School District of Lee County superintendent looks to tackle transportation and teacher shortages

Industry,

By Peter Busch  


Dr. Denise Carlin, the new superintendent of Lee County School District, is addressing transportation issues and teacher shortages in her first few months on the job.

"I'm telling you, I love the job. It is so much fun, it really is," Carlin said. "It's complex work, there are no easy answers, but I'm enjoying it, I really am."

Carlin manages a school district with more than 100,000 students, and one of her first priorities is ensuring they can all get to school on time.

"So if your child is late to school by a half hour, 45 minutes, an hour, think about what that is multiplied over a year," Carlin said. "It is an exponential amount of reading time I can't afford children to miss."

Carlin wants to switch to a plan called the Safe Start Initiative, which adds a half hour of class to the high school day and simplifies the bus schedules.

"Right now we are setting up our bus drivers, and our children, for failure," Carlin said.

Another way to improve test scores, according to Carlin, is to hire more teachers.

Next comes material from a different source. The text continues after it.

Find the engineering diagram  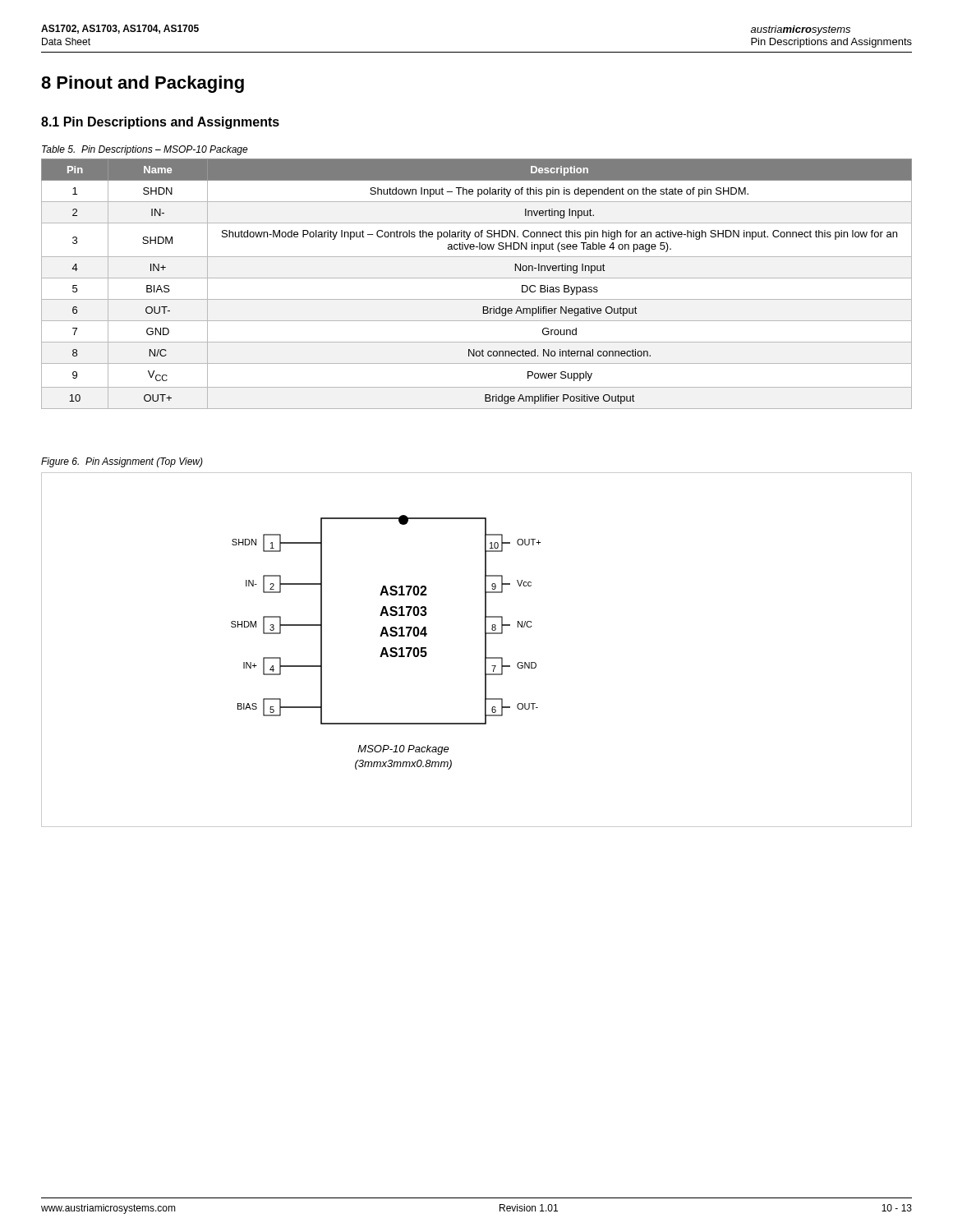tap(476, 650)

When she was sworn in, the district was short of 230 teachers.

"There's research out there that says one year without a high-quality teacher, your dropout rate increases by 50 percent," Carlin said. "Two years you almost guarantee their dropout rate."

Her goal is to eliminate that deficit by May.

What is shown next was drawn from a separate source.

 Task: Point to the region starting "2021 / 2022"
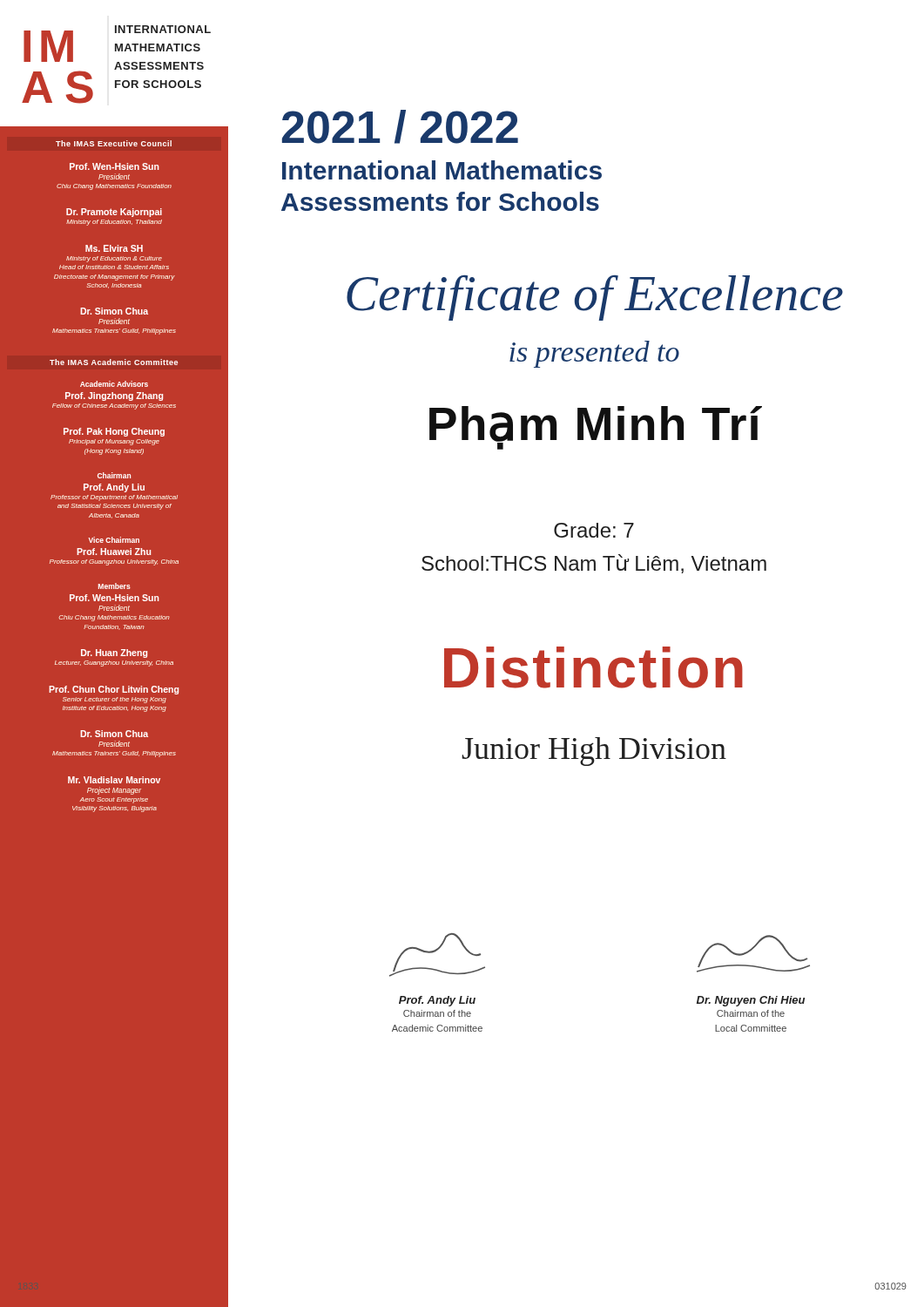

"We are going line by line through each division and finding money, working hard to find money that we can reallocate for teacher compensation," Carlin said.

As Lee County works to gain teachers, some fear the district could lose students due to federal immigration policies.

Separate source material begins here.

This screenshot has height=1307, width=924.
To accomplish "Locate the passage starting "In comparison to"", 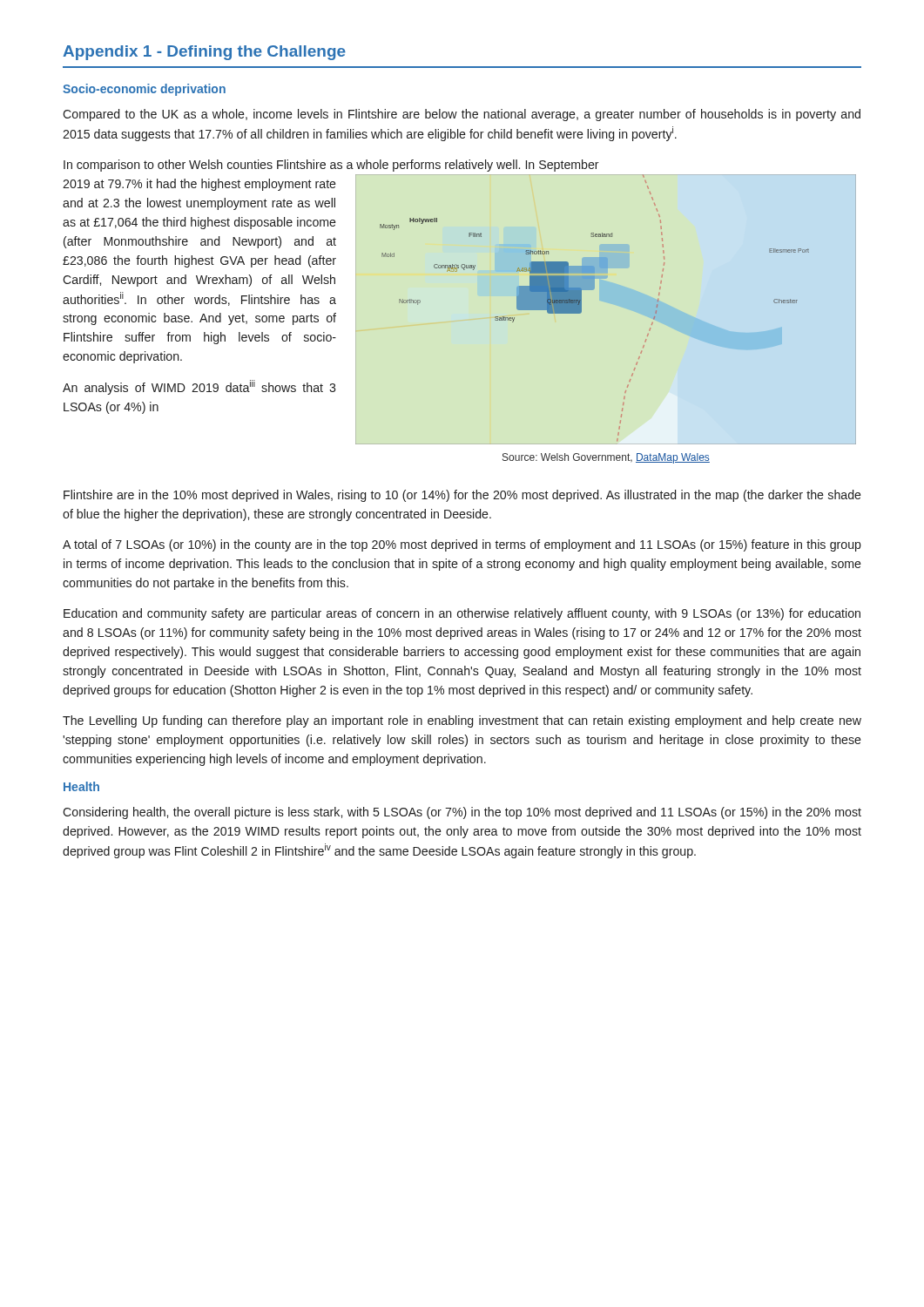I will pyautogui.click(x=462, y=164).

The Trump administration has removed schools from a list of safe havens for undocumented immigrants.

More than 20,000 students in the School District of Lee County were born in other countries and are still learning English.

The district doesn't ask for immigration status, but last week, they sent an email to parents explaining that if ICE agents show up at a school with a warrant, they would have to comply.

"The president made a decision, we're going to follow the law, period," Carlin said.